• _YOUR INSTRUCTIONS_
The output is the line holding "Object: the sneaker [615,343,639,397]." and all lines after it to the end of the records below; restate them unchanged and add nothing.

• _MATERIAL SUPPLIED_
========
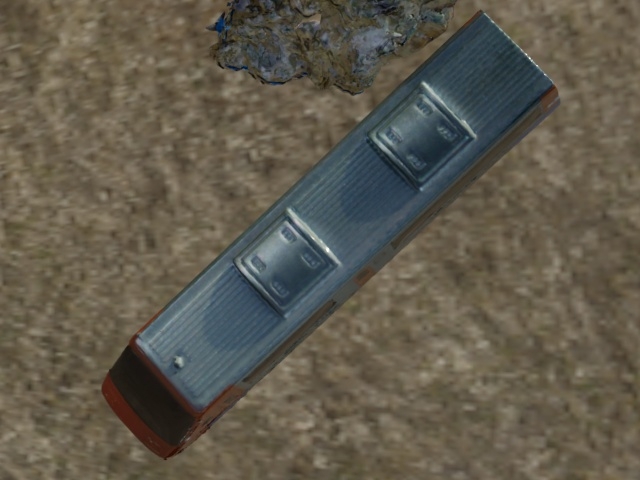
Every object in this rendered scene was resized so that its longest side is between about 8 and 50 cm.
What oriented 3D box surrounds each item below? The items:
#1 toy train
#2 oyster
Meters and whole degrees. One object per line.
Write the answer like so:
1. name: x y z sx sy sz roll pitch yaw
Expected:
1. toy train: 0.000 0.000 1.322 0.409 0.089 0.086 -43 78 0
2. oyster: 0.004 -0.230 1.613 0.198 0.259 0.092 56 38 -19
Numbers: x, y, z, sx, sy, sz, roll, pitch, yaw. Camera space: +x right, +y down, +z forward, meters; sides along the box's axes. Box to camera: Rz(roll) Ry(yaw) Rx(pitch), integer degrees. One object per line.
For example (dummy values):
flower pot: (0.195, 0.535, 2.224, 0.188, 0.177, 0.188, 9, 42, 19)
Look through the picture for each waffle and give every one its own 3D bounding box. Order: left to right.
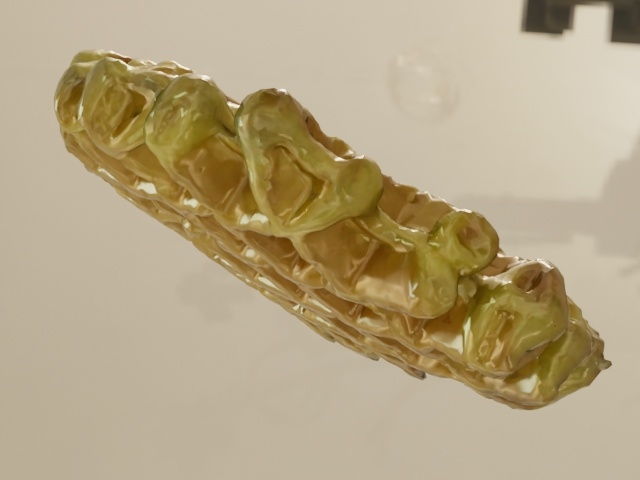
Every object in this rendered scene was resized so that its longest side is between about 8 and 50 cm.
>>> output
waffle: (-0.001, 0.001, 0.727, 0.065, 0.283, 0.309, -59, -10, -5)
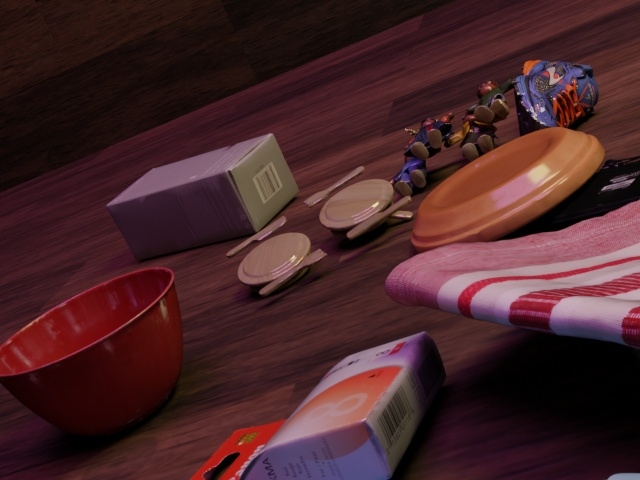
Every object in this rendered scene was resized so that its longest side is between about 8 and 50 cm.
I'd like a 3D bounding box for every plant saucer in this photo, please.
[{"bbox_3d":[0.169,-0.052,0.926,0.200,0.037,0.200,-30,12,7],"label":"plant saucer"}]

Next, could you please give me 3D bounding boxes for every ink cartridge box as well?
[{"bbox_3d":[-0.018,0.123,0.652,0.179,0.045,0.145,-16,10,24],"label":"ink cartridge box"}]

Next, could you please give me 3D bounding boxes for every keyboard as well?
[{"bbox_3d":[0.263,-0.040,0.818,0.100,0.038,0.192,-42,13,-28],"label":"keyboard"}]

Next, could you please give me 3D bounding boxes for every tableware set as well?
[{"bbox_3d":[0.000,0.000,1.061,0.194,0.039,0.128,-33,29,-9],"label":"tableware set"}]

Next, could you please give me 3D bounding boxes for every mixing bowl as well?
[{"bbox_3d":[-0.192,0.110,0.879,0.181,0.098,0.181,-23,17,7],"label":"mixing bowl"}]

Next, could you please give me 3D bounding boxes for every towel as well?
[{"bbox_3d":[0.220,0.015,0.562,0.237,0.037,0.329,-13,9,-28],"label":"towel"}]

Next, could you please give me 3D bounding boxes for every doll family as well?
[{"bbox_3d":[0.150,-0.119,1.154,0.193,0.076,0.111,-24,21,15],"label":"doll family"}]

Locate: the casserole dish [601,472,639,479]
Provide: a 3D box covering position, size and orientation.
[{"bbox_3d":[0.161,0.133,0.334,0.114,0.037,0.188,7,10,-17],"label":"casserole dish"}]

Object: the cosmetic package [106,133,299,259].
[{"bbox_3d":[-0.165,-0.058,1.364,0.238,0.107,0.127,-10,24,33],"label":"cosmetic package"}]

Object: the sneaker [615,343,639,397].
[{"bbox_3d":[0.218,0.071,0.500,0.089,0.051,0.170,-24,21,3],"label":"sneaker"}]

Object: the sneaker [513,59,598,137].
[{"bbox_3d":[0.268,-0.162,1.110,0.087,0.083,0.221,-7,26,21],"label":"sneaker"}]
========
• _THE COMPLETED TASK_
Object: the sneaker [615,343,639,397].
[{"bbox_3d":[0.218,0.071,0.500,0.089,0.051,0.170,-24,21,3],"label":"sneaker"}]

Object: the sneaker [513,59,598,137].
[{"bbox_3d":[0.268,-0.162,1.110,0.087,0.083,0.221,-7,26,21],"label":"sneaker"}]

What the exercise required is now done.